Nome da/o(s) Participante(s):
Lívia Casseres – Defensora Pública
Thalita Thomé Dos Santos – Assistente Social da Defensoria Pública
Marina Wanderley Vilar De Carvalho – Psicóloga da Defensoria Pública
Debora Diniz – Coordenadora da Assessoria de Comunicação da DEFEN

Instituição/Organização/ Movimento Social: DEFENSORIA PÚBLICA DO ESTADO

Estado:
RIO DE JANEIRO

I – Resumo da Situação-Problema:

Criado em 12 de maio de 2011, por meio da Resolução DPGE nº. 580, o Núcleo de Defesa da Diversidade Sexual e Direitos Homoafetivos – NUDIVERSIS – tem como atribuição, por aplicação subsidiária da Deliberação do Conselho Superior da DPGE nº. 82 de 14 de dezembro de 2011, especialmente em seu art. 20, inciso VI, propor as medidas cabíveis para a promoção e proteção dos direitos humanos e liberdades fundamentais da população LGBT, no sentido de efetivar o direito à igualdade e à não discriminação.

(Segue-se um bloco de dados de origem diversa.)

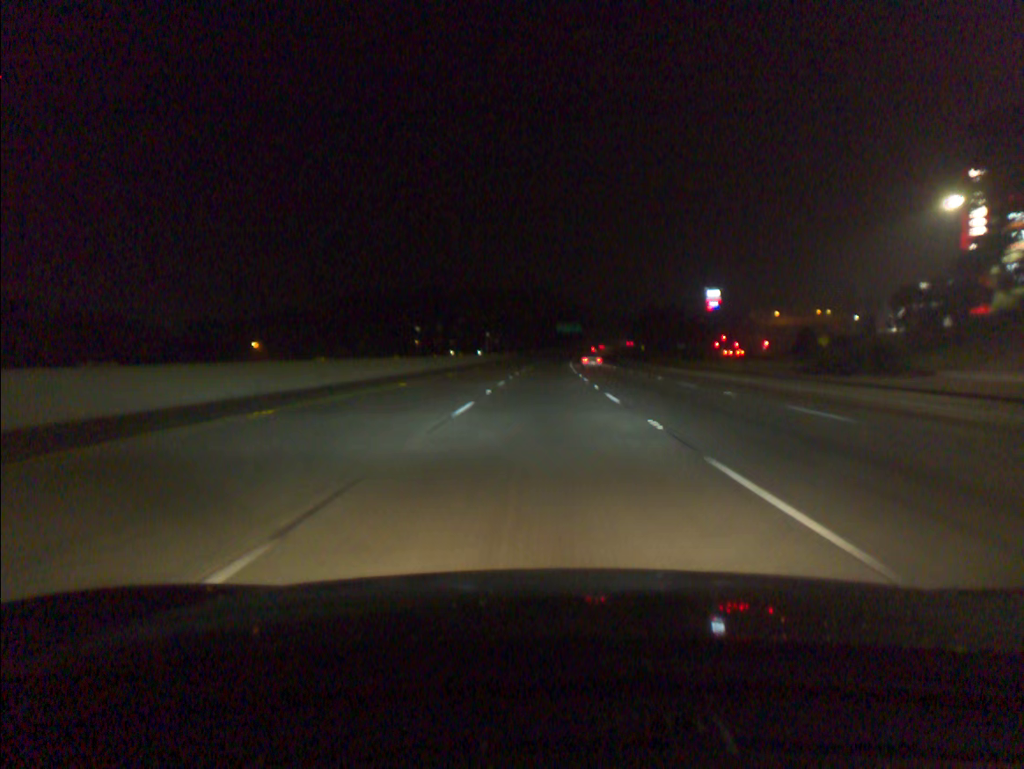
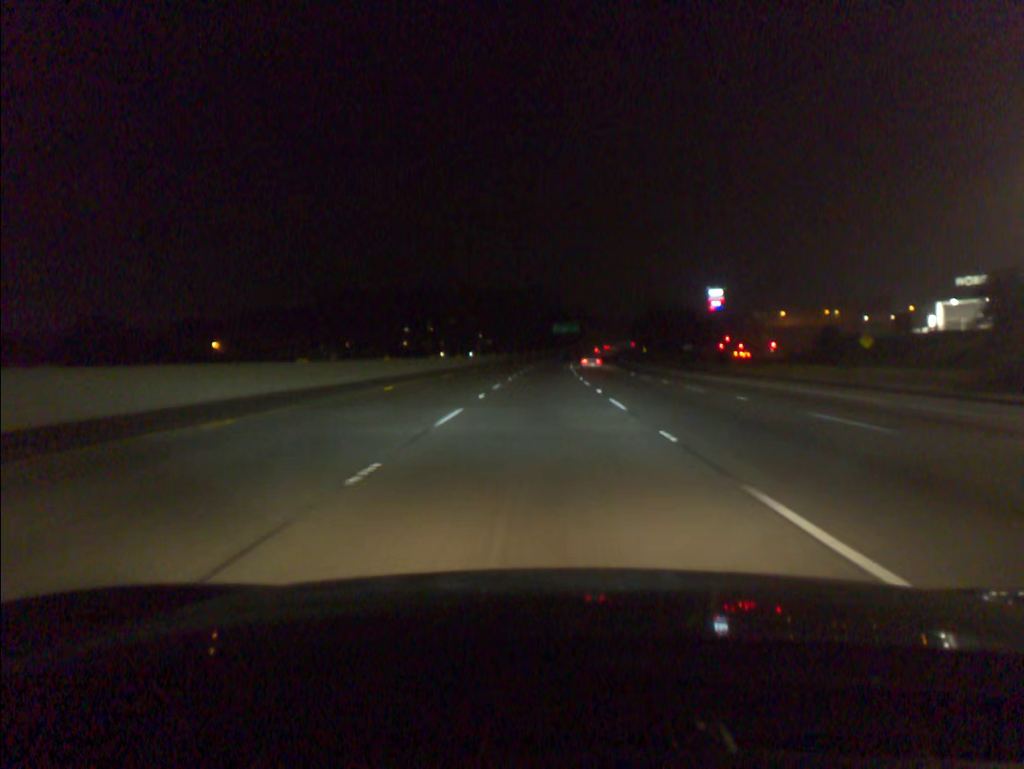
(+0.1, +16.7) m; 0°
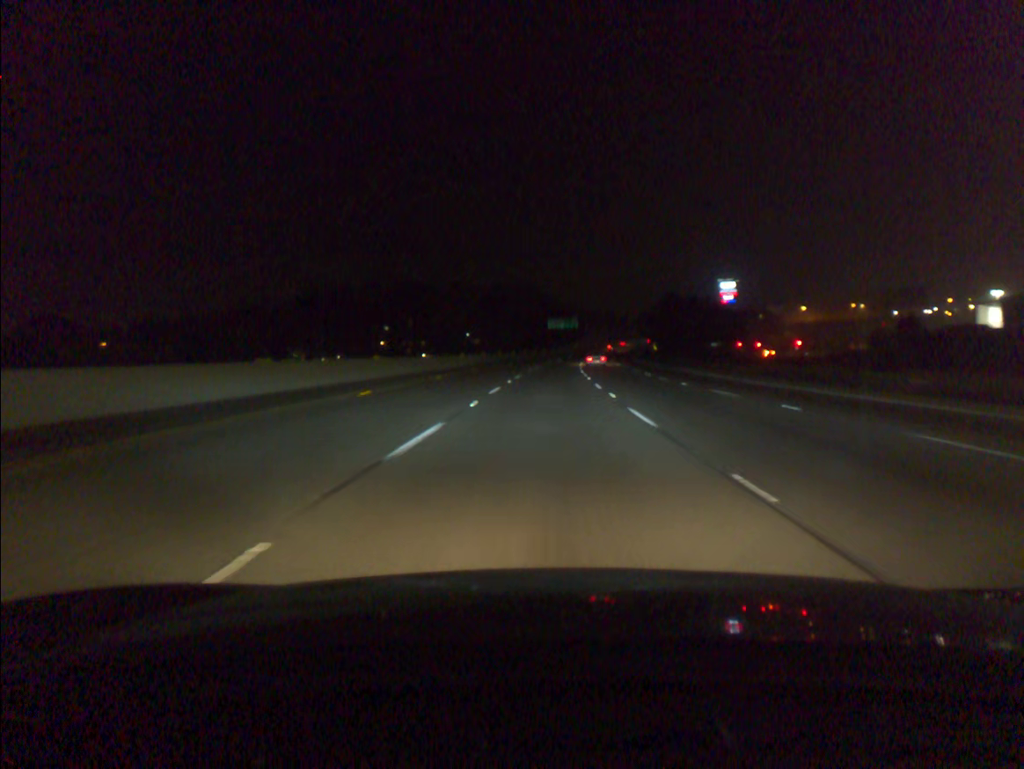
(+0.2, +33.5) m; +1°
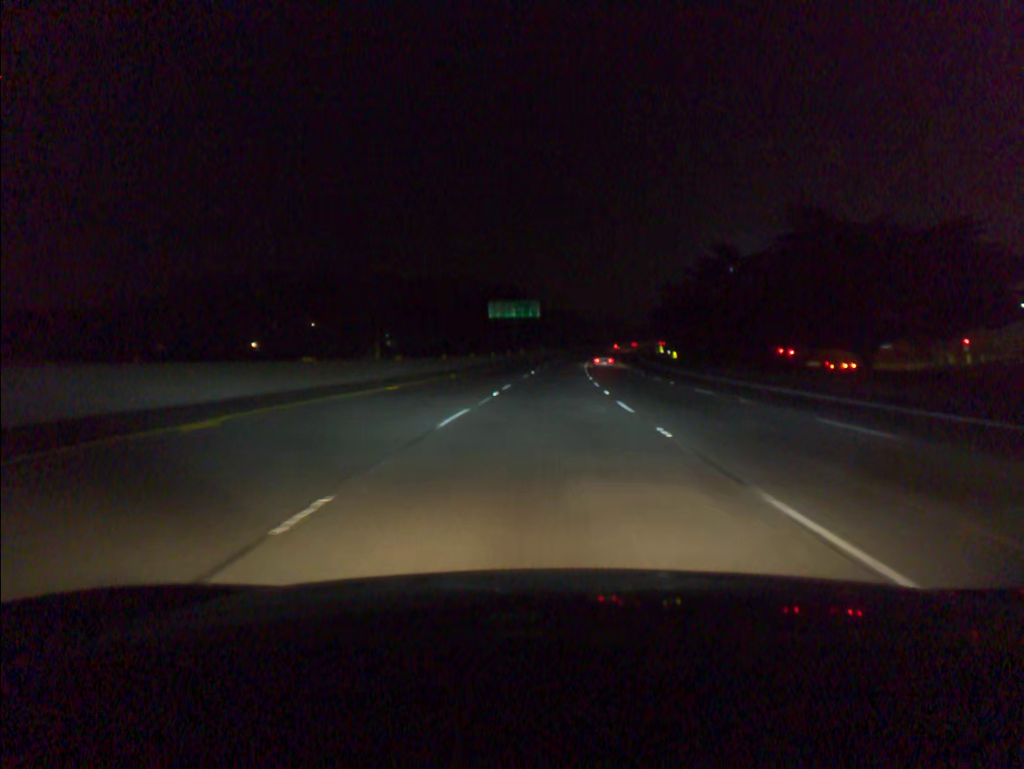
(+2.3, +83.7) m; +3°
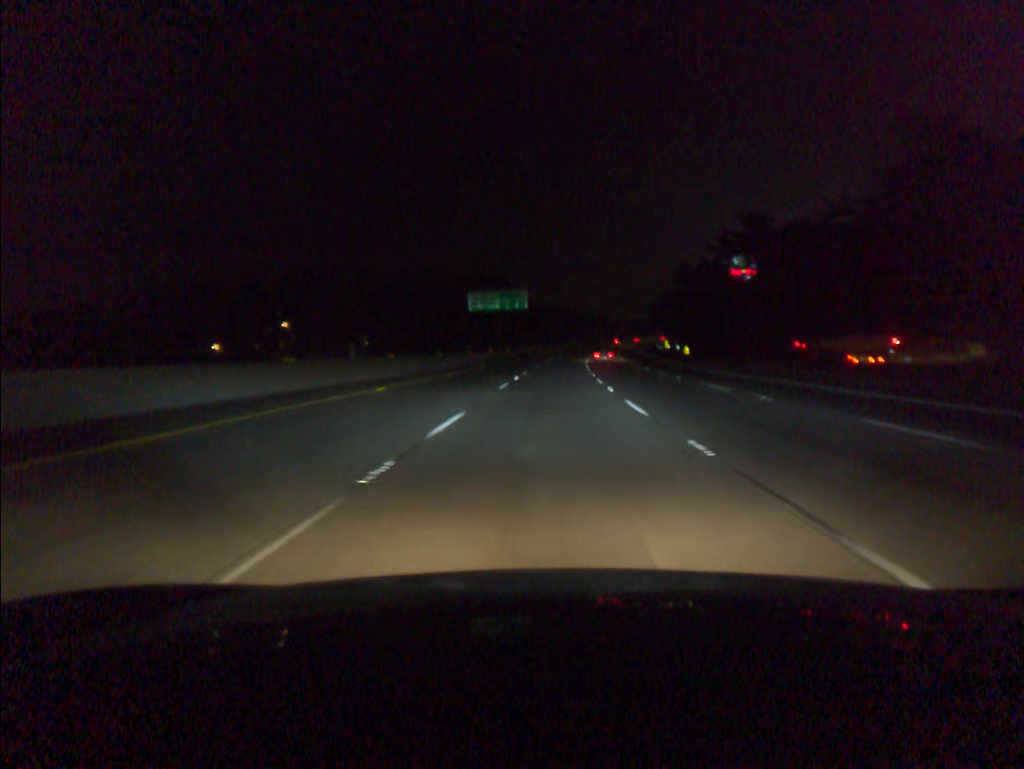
(+0.1, +16.7) m; +1°
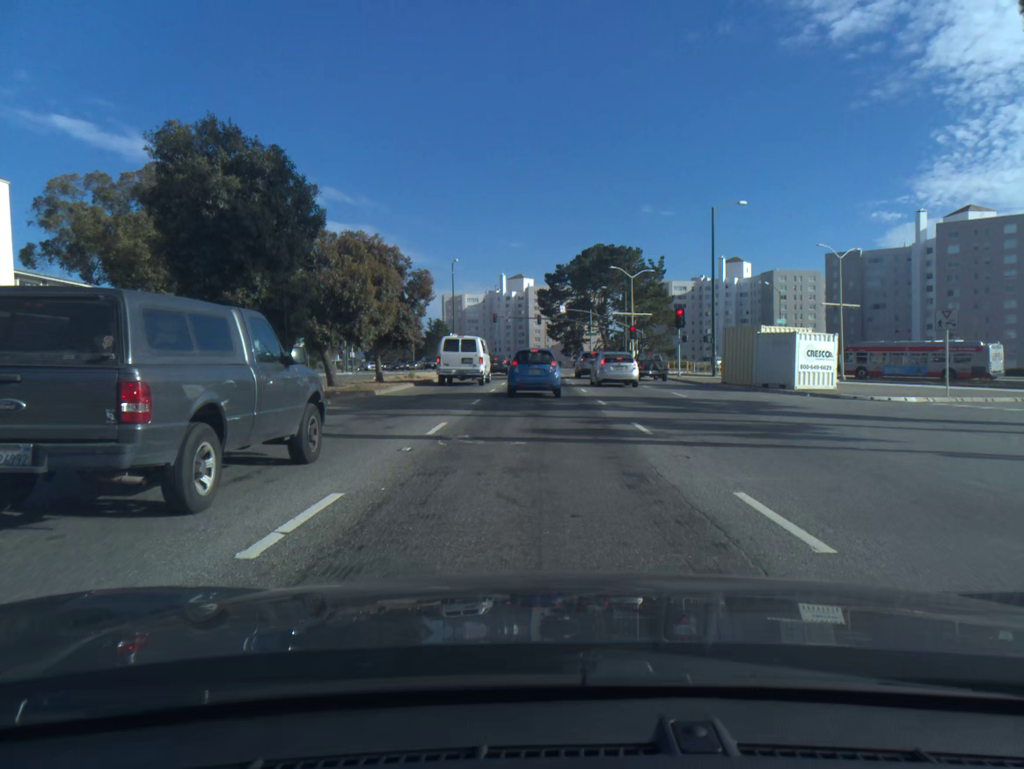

Além disso, preveem os arts. 3º-A e 4º, inciso IX, da Lei Complementar nº. 80/94 serem objetivos da Defensoria Pública a prevalência e a efetividade dos direitos humanos e sua função institucional a defesa dos direitos humanos e dos grupos vulneráveis que merecem especial proteção do Estado.

Nesse contexto está inserida a atividade de monitoramento dos direitos da população LGBT inserida no sistema carcerário por este Núcleo Especializado, destinada à provocação de políticas públicas diferenciadas na gestão da administração penitenciária, no sentido de combater a discriminação a que estão sujeitos os gays, lésbicas, homens e mulheres transexuais e pessoas travestis privadas de liberdade.

Dada a condição fática de extrema vulnerabilidade das pessoas LGBT privadas de liberdade e, de outra banda, considerando o amplo arcabouço normativo de proteção destes sujeitos, a partir de 2015 o NUDIVERSIS passou a fiscalizar a implementação prática das garantias já há muito consolidadas no plano normativo.

Assim, sobretudo diante das denúncias trazidas em janeiro de 2015 ao NUDIVERSIS pelo Conselho Estadual de Direitos da População LGBT, foi estabelecido um cronograma de visitas às unidades prisionais e de entrevistas com pessoas LGBT presas. É mister frisar que a atuação do NUDIVERSIS baseou-se ainda no Caderno de Ações e Metas do Programa Rio Sem Homofobia para o período de 2011-2014. Somente no âmbito da Secretaria de Estado de Administração Penitenciária, foram traçadas dezessete metas.

Dentre elas podemos enumerar: a) a capacitação dos funcionários que trabalham com a população carcerária sobre a homofobia e direitos da população LGBT; b) a criação de resolução que regulamentasse o corte de cabelo e o uso de vestimentas femininas às mulheres transexuais e travestis encarceradas e c) o acesso à terapia hormonal às transexuais e travestis encarceradas.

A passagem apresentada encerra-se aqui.